Les gouvernements qui ont été aux commandes du pays sont-ils responsables de la situation actuelle? Et si une partie du peuple y est pour quelque chose? Le FMI est-il la panacée? Que de questions qui peuvent s’imposer pour expliquer une révolution jugée «trahie»?
Une partie de la première semaine du mois de janvier 2018 a été consacrée à un débat, sans doute des plus tendus, sur la hausse des prix. Opinion publique et société civile d’un côté et pouvoirs publics de l’autre se sont largement affrontés sur les implications, notamment, d’une loi de finances dont il a été dit beaucoup de mal.
Une situation qui en dit long, selon certains évidemment, sur un climat de tension (un de nos confrères a parlé de «perspectives plutôt sombres») qui pourrait dégénérer. D’autant plus que le pays se prépare à «fêter» le septième anniversaire d’une révolution jugée «trahie».
L’occasion de raviver des passions et de faire des bilans. Il faut dire que la situation économique exprime bien un vécu qui n’a fait que se dégrader de par la faute, selon certains avis, des gouvernants qui se sont succédé depuis le 14 janvier 2011.
On a parlé d’amateurisme de certains responsables qui ne sont pas rompus à la gestion de la chose publique. Mais aussi de l’inexpérience de responsables qui ont cru qu’il était facile d’engager le pays sur les voies du progrès.
Changer les «us et coutumes» économiques
On a invoqué aussi la faute d’un peuple, ou du moins d’une partie du peuple, qui n’a pas su profiter de l’événement pour revoir et corriger ses choix économiques et sociétaux. Mais aussi ses «us et coutumes» économiques.
Un peuple qui n’a pas vu- et on ne le dira jamais assez- que c’est dans le travail que réside son seul salut. Un peuple- l’autocritique permet toujours d’avancer- qui s’est laissé aller quelquefois à la facilité et qui a, par moments, traîné une partie de son élite dans la boue.

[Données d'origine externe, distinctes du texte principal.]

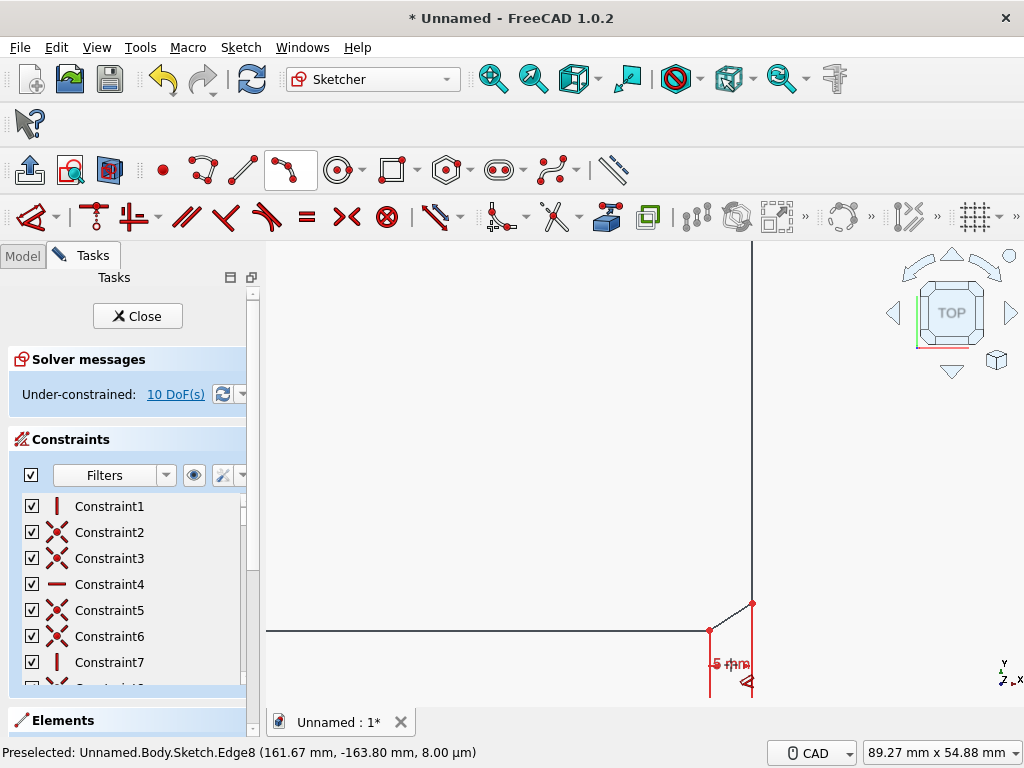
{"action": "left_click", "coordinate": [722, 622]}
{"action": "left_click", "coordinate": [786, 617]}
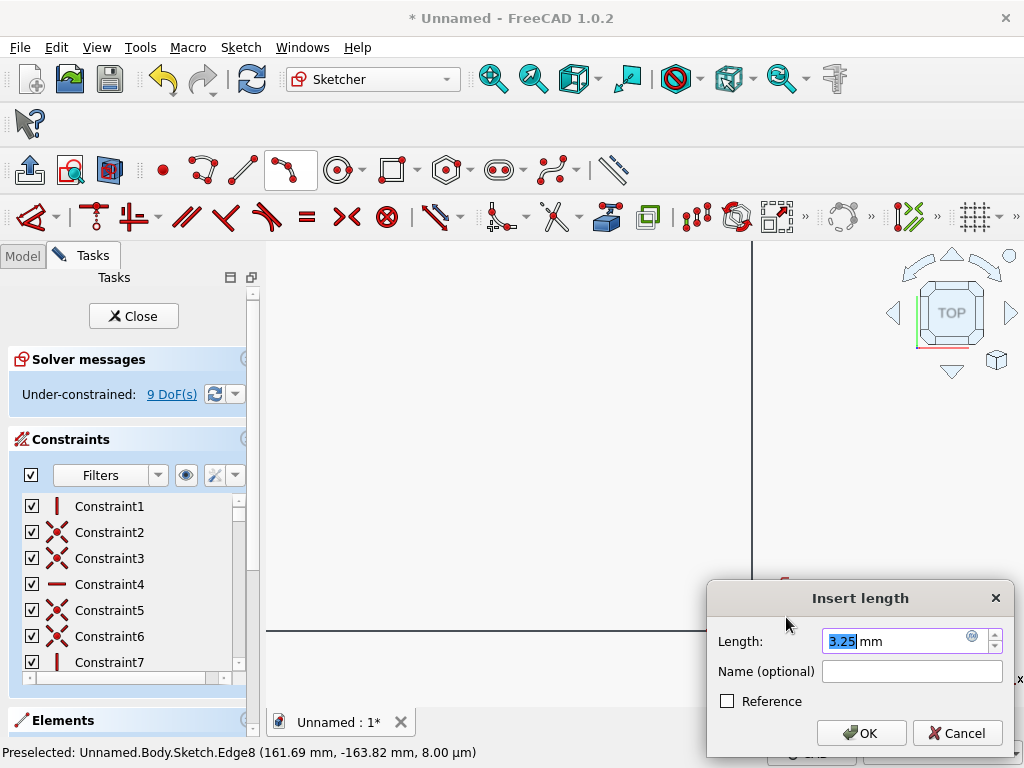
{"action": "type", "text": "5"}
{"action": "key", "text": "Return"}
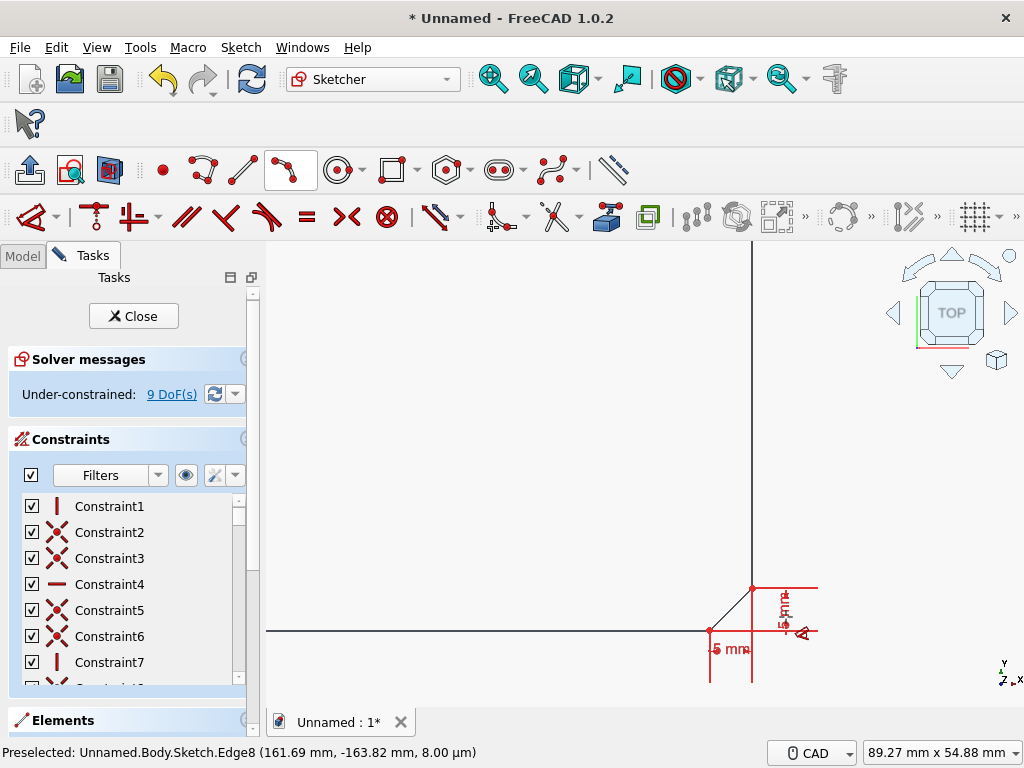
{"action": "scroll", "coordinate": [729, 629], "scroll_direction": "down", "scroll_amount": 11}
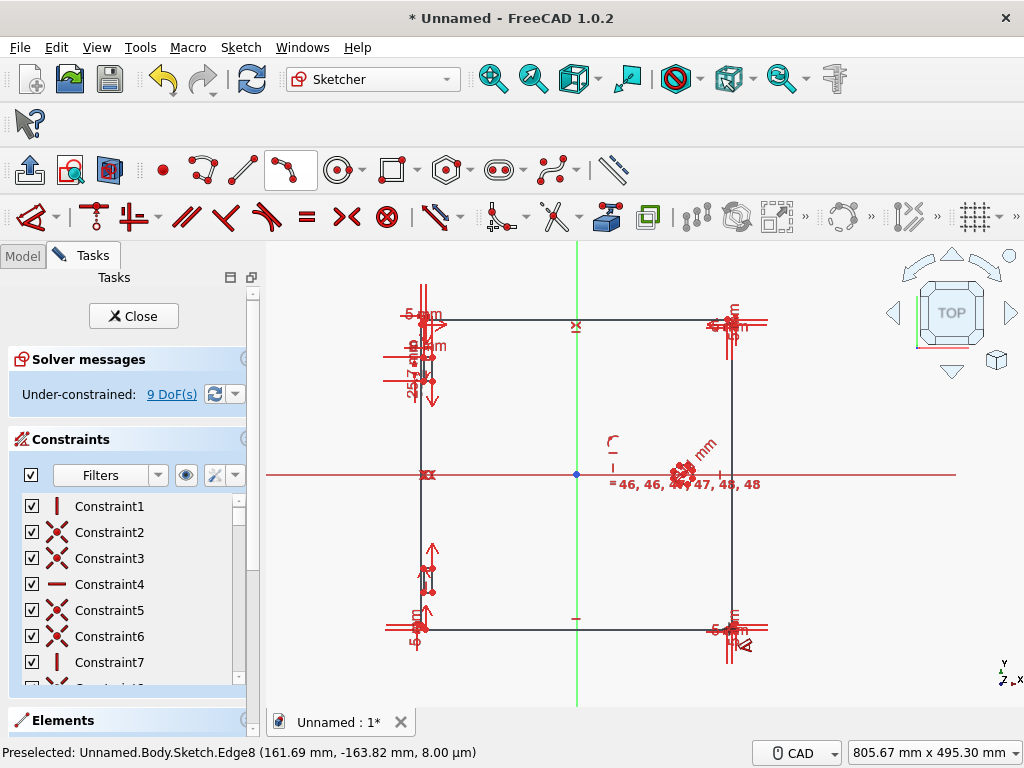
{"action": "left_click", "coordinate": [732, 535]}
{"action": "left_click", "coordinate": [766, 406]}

Doit-on oublier, dans ce même ordre, les vagues de «dégagisme» qui ont gagné les rangs d’une frange de l’opinion? Des vagues qui n’ont pas toujours fait la différence entre le bon grain et l’ivraie. Après avoir été vilipendés, une partie des «dégagés» se retrouvent du reste aux commandes du pays.
D’autres ont pratiquement fui. On parle de quelque 4000 universitaires partis se ressourcer à l’étranger. Dans des universités des pays arabes, du Golfe notamment, ou encore en Asie, en Europe ou aux Amériques. Selon l’OCDE (Organisation de la Coopération et le Développement économique) 94 000 Tunisiens ont quitté le pays de 2011 à 2016 pour aller s’installer en Europe.
Tous ne l’ont pas fait, et pour les autres certainement pas que pour des motifs économiques. Mais aussi en raison d’une dégradation de leur quotidien dans un pays qui ne ressemble plus à ce qu’ils ont connu.
Et le pays est tombé dans l’escarcelle d’un FMI qui ne nous rappelle pas que de bons souvenirs. C’est lui qui serait derrière la décision qui a conduit aux émeutes du pain de l’hiver 1984 (voir Sophie Chautard, Les dictateurs du XXe siècle, éd. Studyrama, Levallois-Perret, 2006, p. 169) qui auraient fait, selon des sources, jusqu’à 143 morts.
«Il aggrave les problèmes des pays où il intervient»
La situation d’aujourd’hui est évidemment bien différente. Comme personne ne veut que la politique menée par le gouvernement pour sortir du marasme ne mène à pareille échéance.
Mais force est de constater que la loi de finances et sa batterie fiscale sont, du moins en partie, menées pour satisfaire un FMI dont un des responsables a qualifié la loi de finances d’ «ambitieuse».
On ne cessera de le dire, «c’est la Tunisie qui est allée au FMI et non le contraire». On ne cessera aussi de dire aussi que vu l’état de nos finances publiques, il n’y a pas meilleur recours.
Mais il faudra aussi dire que, et en prenant en compte le fait que la Tunisie ne dit pas que du bien de son modèle de développement, le FMI n’est peut-être pas quelque part la panacée.
N’oublions pas que des critiques des plus acerbes n’ont cessé de fuser de partout concernant une organisation internationale, née des accords de Bretton Woods, qui pratique une lecture par trop libérale de l’économie.
Voilà ce qu’écrit à son sujet le brillant professeur et économiste allemand Jörg Guido Hülsmann : «Loin de réaliser les buts qu’on lui a fixés, le FMI ne peut les atteindre du fait même de sa nature. Au contraire, il aggrave les problèmes des pays où il intervient» (voir «Pourquoi le FMI nuit-il aux africains?».